The Aftermath of the First Article

We received a flood of mails and posts from our readers requesting that we test the Apple machines with Linux too and questioned why we hadn't done that in the first article. We have to point out that the objective of the first article was to compare the platforms, and therefore, it is only natural to use Mac OS X on the Apple machine. Very few Apple machines run Linux, but in this article, we test this combination to shed more light on our findings.

Secondly, we spent most of our time trying out different MySQL setups to find out whether or not the poor MySQL numbers were a result of bad tuning. We tested and tried with, for example, the "skip-locking", "key_buffer" and "thread_cache" parameters, but none of them could help the Apple platform to perform significantly better.
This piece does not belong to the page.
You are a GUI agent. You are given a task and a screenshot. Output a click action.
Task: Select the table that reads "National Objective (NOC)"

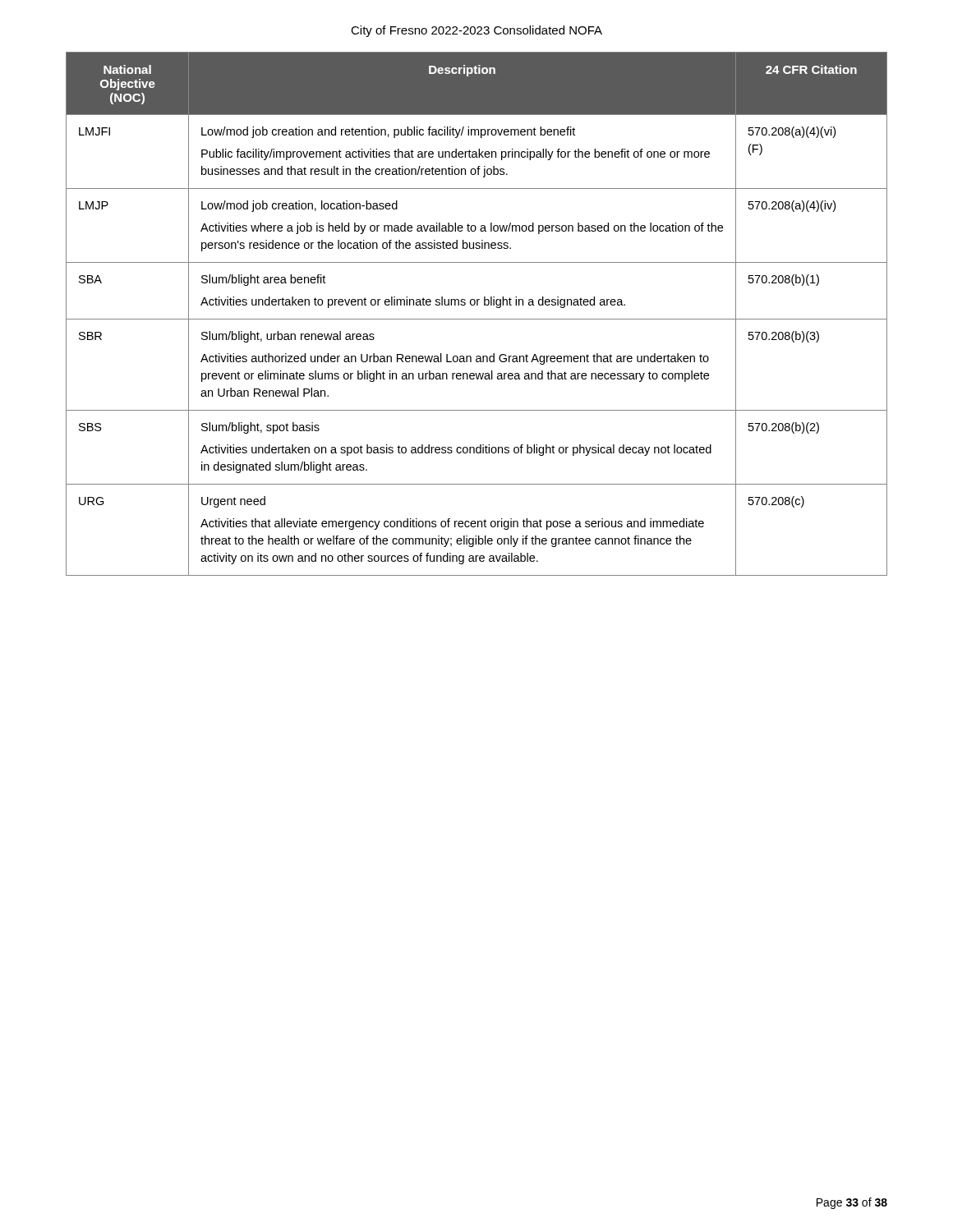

The out-of-the-box MySQL setup on Tiger is not very different from a typical SUSE Linux out-of-the-box installation, except that skip-locking is not enabled on the Apple platform. The reason seems to be that quite a few Xserves are used in clusters. Enabling "Skip-locking" gives a 1-3% performance boost to the Xserve and PowerMacs. We can say with 99% certainty that the MySQL configuration was not the cause of the poor MySQL performance.

The vast majority of the reactions of the Apple user community were very positive, despite our low server benchmark numbers. Many Apple users told us that they were glad that we had pointed out that Mac Os X still needs a bit of performance tunings. Anand reported the same thing as what many Apple users pointed out, which is that the responsiveness of the OS is not spectacular:
"The overall responsiveness of the system was decent, but go back to using a top-of-the-line PC in Windows for a few minutes, and you definitely feel a bit sluggish on the G5"
We still receive suggestions because of the first article, and one question that was asked a lot was: "why not test with different compilers?" The reason was that gcc was the default compiler on both Mac OS X and Linux. Testing with compilers would widen the scope of this kind of article too much, and we wanted to use the same compiler on all CPUs. That being said, we retested with the gcc 4.0 compiler because the 3.3 version performed pretty poorly on the Power FX platform.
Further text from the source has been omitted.